(Data provided)

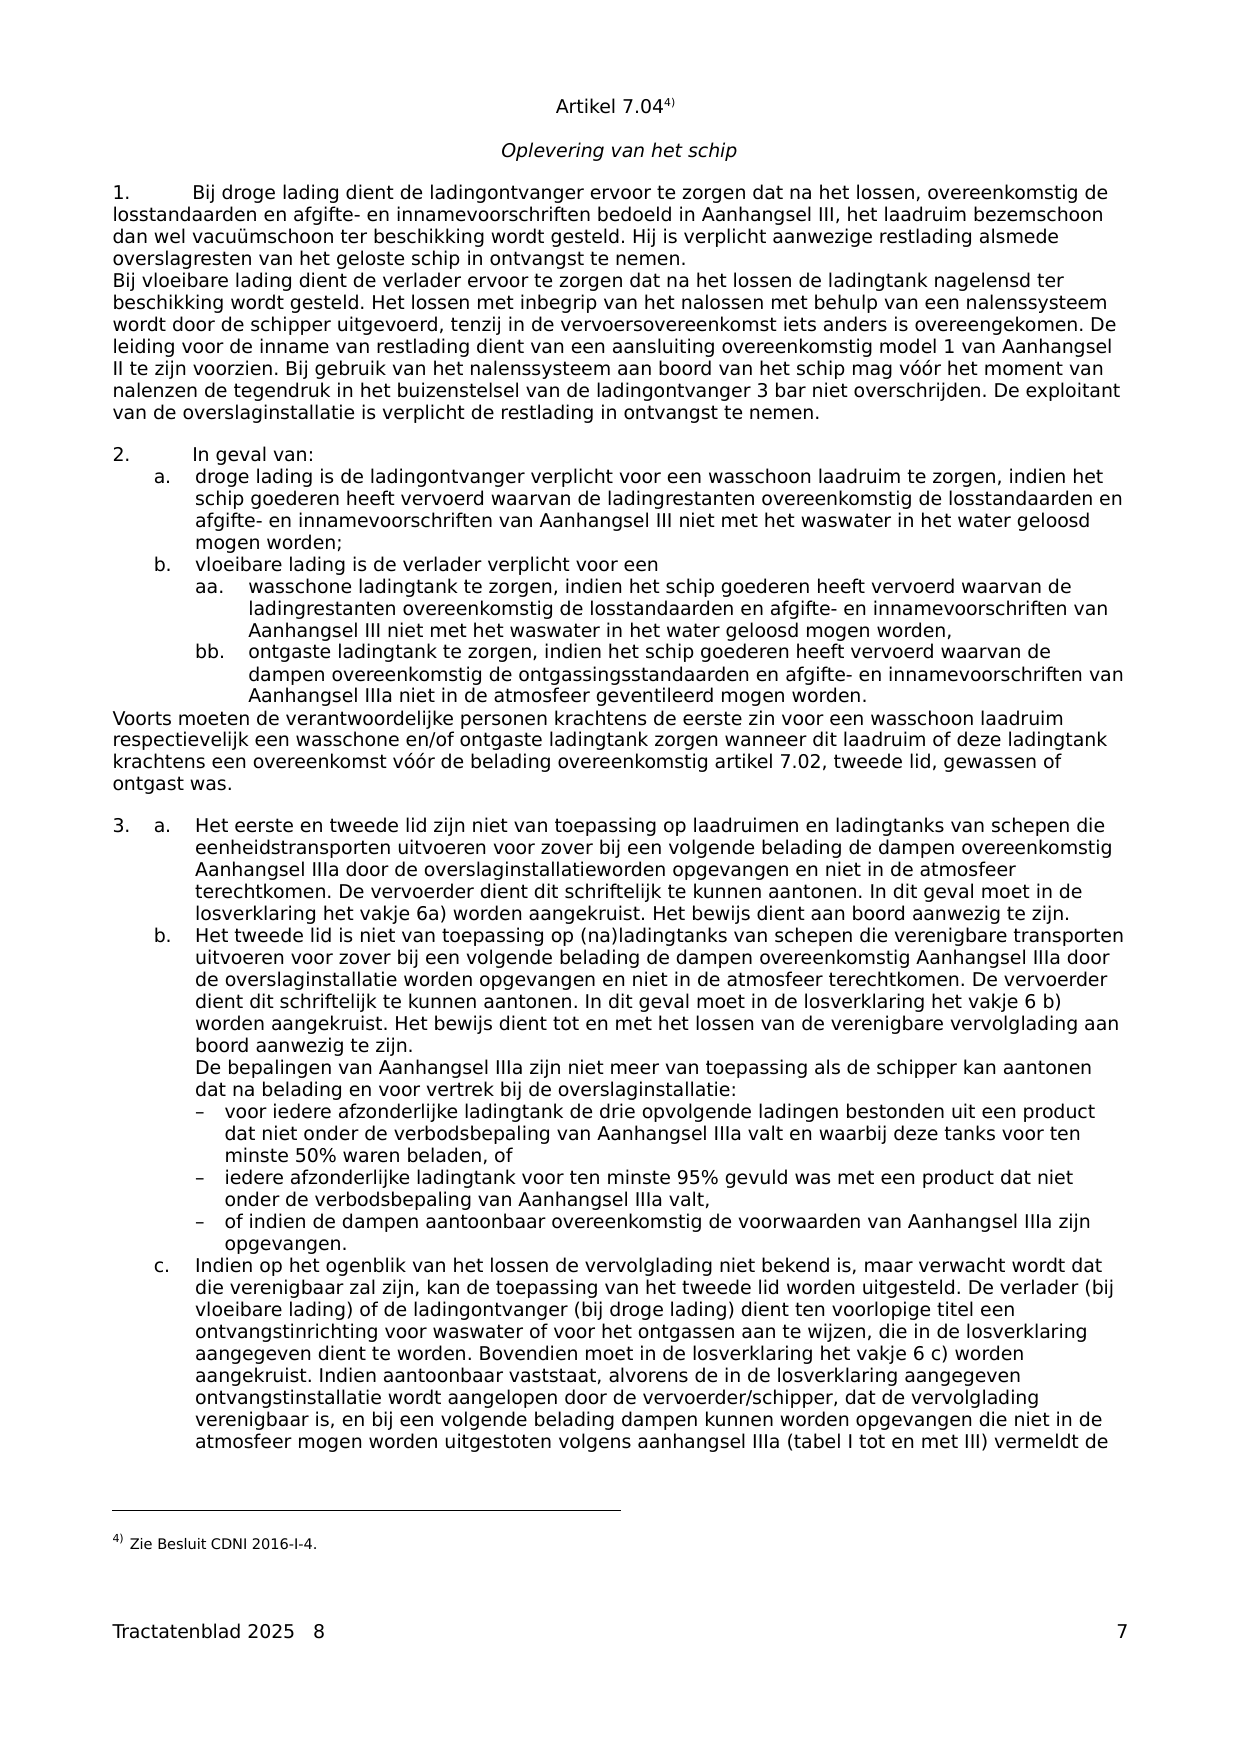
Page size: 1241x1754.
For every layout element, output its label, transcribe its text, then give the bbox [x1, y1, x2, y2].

text aa. wasschone ladingtank te zorgen, indien het schip goederen heeft vervoerd waarvan de ladingrestanten overeenkomstig de losstandaarden en afgifte- en innamevoorschriften van Aanhangsel III niet met het waswater in het water geloosd mogen worden, [195, 576, 1128, 641]
text – of indien de dampen aantoonbaar overeenkomstig de voorwaarden van Aanhangsel IIIa zijn opgevangen. [195, 1211, 1128, 1255]
text Zie Besluit CDNI 2016-I-4. [112, 1532, 1128, 1554]
text De bepalingen van Aanhangsel IIIa zijn niet meer van toepassing als de schipper kan aantonen dat na belading en voor vertrek bij de overslaginstallatie: [195, 1057, 1128, 1101]
text Bij vloeibare lading dient de verlader ervoor te zorgen dat na het lossen de ladingtank nagelensd ter beschikking wordt gesteld. Het lossen met inbegrip van het nalossen met behulp van een nalenssysteem wordt door de schipper uitgevoerd, tenzij in de vervoersovereenkomst iets anders is overeengekomen. De leiding voor de inname van restlading dient van een aansluiting overeenkomstig model 1 van Aanhangsel II te zijn voorzien. Bij gebruik van het nalenssysteem aan boord van het schip mag vóór het moment van nalenzen de tegendruk in het buizenstelsel van de ladingontvanger 3 bar niet overschrijden. De exploitant van de overslaginstallatie is verplicht de restlading in ontvangst te nemen. [112, 270, 1128, 424]
text 2. In geval van: [112, 444, 1128, 466]
text Voorts moeten de verantwoordelijke personen krachtens de eerste zin voor een wasschoon laadruim respectievelijk een wasschone en/of ontgaste ladingtank zorgen wanneer dit laadruim of deze ladingtank krachtens een overeenkomst vóór de belading overeenkomstig artikel 7.02, tweede lid, gewassen of ontgast was. [112, 707, 1128, 795]
text – voor iedere afzonderlijke ladingtank de drie opvolgende ladingen bestonden uit een product dat niet onder de verbodsbepaling van Aanhangsel IIIa valt en waarbij deze tanks voor ten minste 50% waren beladen, of [195, 1101, 1128, 1167]
text – iedere afzonderlijke ladingtank voor ten minste 95% gevuld was met een product dat niet onder de verbodsbepaling van Aanhangsel IIIa valt, [195, 1167, 1128, 1211]
text 1. Bij droge lading dient de ladingontvanger ervoor te zorgen dat na het lossen, overeenkomstig de losstandaarden en afgifte- en innamevoorschriften bedoeld in Aanhangsel III, het laadruim bezemschoon dan wel vacuümschoon ter beschikking wordt gesteld. Hij is verplicht aanwezige restlading alsmede overslagresten van het geloste schip in ontvangst te nemen. [112, 182, 1128, 270]
text b. vloeibare lading is de verlader verplicht voor een [153, 553, 1128, 576]
text b. Het tweede lid is niet van toepassing op (na)ladingtanks van schepen die verenigbare transporten uitvoeren voor zover bij een volgende belading de dampen overeenkomstig Aanhangsel IIIa door de overslaginstallatie worden opgevangen en niet in de atmosfeer terechtkomen. De vervoerder dient dit schriftelijk te kunnen aantonen. In dit geval moet in de losverklaring het vakje 6 b) worden aangekruist. Het bewijs dient tot en met het lossen van de verenigbare vervolglading aan boord aanwezig te zijn. [153, 925, 1128, 1057]
text c. Indien op het ogenblik van het lossen de vervolglading niet bekend is, maar verwacht wordt dat die verenigbaar zal zijn, kan de toepassing van het tweede lid worden uitgesteld. De verlader (bij vloeibare lading) of de ladingontvanger (bij droge lading) dient ten voorlopige titel een ontvangstinrichting voor waswater of voor het ontgassen aan te wijzen, die in de losverklaring aangegeven dient te worden. Bovendien moet in de losverklaring het vakje 6 c) worden aangekruist. Indien aantoonbaar vaststaat, alvorens de in de losverklaring aangegeven ontvangstinstallatie wordt aangelopen door de vervoerder/schipper, dat de vervolglading verenigbaar is, en bij een volgende belading dampen kunnen worden opgevangen die niet in de atmosfeer mogen worden uitgestoten volgens aanhangsel IIIa (tabel I tot en met III) vermeldt de [153, 1255, 1128, 1453]
text bb. ontgaste ladingtank te zorgen, indien het schip goederen heeft vervoerd waarvan de dampen overeenkomstig de ontgassingsstandaarden en afgifte- en innamevoorschriften van Aanhangsel IIIa niet in de atmosfeer geventileerd mogen worden. [195, 641, 1128, 707]
text a. droge lading is de ladingontvanger verplicht voor een wasschoon laadruim te zorgen, indien het schip goederen heeft vervoerd waarvan de ladingrestanten overeenkomstig de losstandaarden en afgifte- en innamevoorschriften van Aanhangsel III niet met het waswater in het water geloosd mogen worden; [153, 466, 1128, 553]
text 3. a. Het eerste en tweede lid zijn niet van toepassing op laadruimen en ladingtanks van schepen die eenheidstransporten uitvoeren voor zover bij een volgende belading de dampen overeenkomstig Aanhangsel IIIa door de overslaginstallatieworden opgevangen en niet in de atmosfeer terechtkomen. De vervoerder dient dit schriftelijk te kunnen aantonen. In dit geval moet in de losverklaring het vakje 6a) worden aangekruist. Het bewijs dient aan boord aanwezig te zijn. [112, 815, 1128, 925]
subtitle Artikel 7.04 Oplevering van het schip [112, 96, 1128, 162]

(End Data provided)

## Exercise
The response should hold exactly the lines starting at the line with "text – iedere" and ending at the line with "text b. Het", and no other line of the material above.

## Problem solution
text – iedere afzonderlijke ladingtank voor ten minste 95% gevuld was met een product dat niet onder de verbodsbepaling van Aanhangsel IIIa valt, [195, 1167, 1128, 1211]
text 1. Bij droge lading dient de ladingontvanger ervoor te zorgen dat na het lossen, overeenkomstig de losstandaarden en afgifte- en innamevoorschriften bedoeld in Aanhangsel III, het laadruim bezemschoon dan wel vacuümschoon ter beschikking wordt gesteld. Hij is verplicht aanwezige restlading alsmede overslagresten van het geloste schip in ontvangst te nemen. [112, 182, 1128, 270]
text b. vloeibare lading is de verlader verplicht voor een [153, 553, 1128, 576]
text b. Het tweede lid is niet van toepassing op (na)ladingtanks van schepen die verenigbare transporten uitvoeren voor zover bij een volgende belading de dampen overeenkomstig Aanhangsel IIIa door de overslaginstallatie worden opgevangen en niet in de atmosfeer terechtkomen. De vervoerder dient dit schriftelijk te kunnen aantonen. In dit geval moet in de losverklaring het vakje 6 b) worden aangekruist. Het bewijs dient tot en met het lossen van de verenigbare vervolglading aan boord aanwezig te zijn. [153, 925, 1128, 1057]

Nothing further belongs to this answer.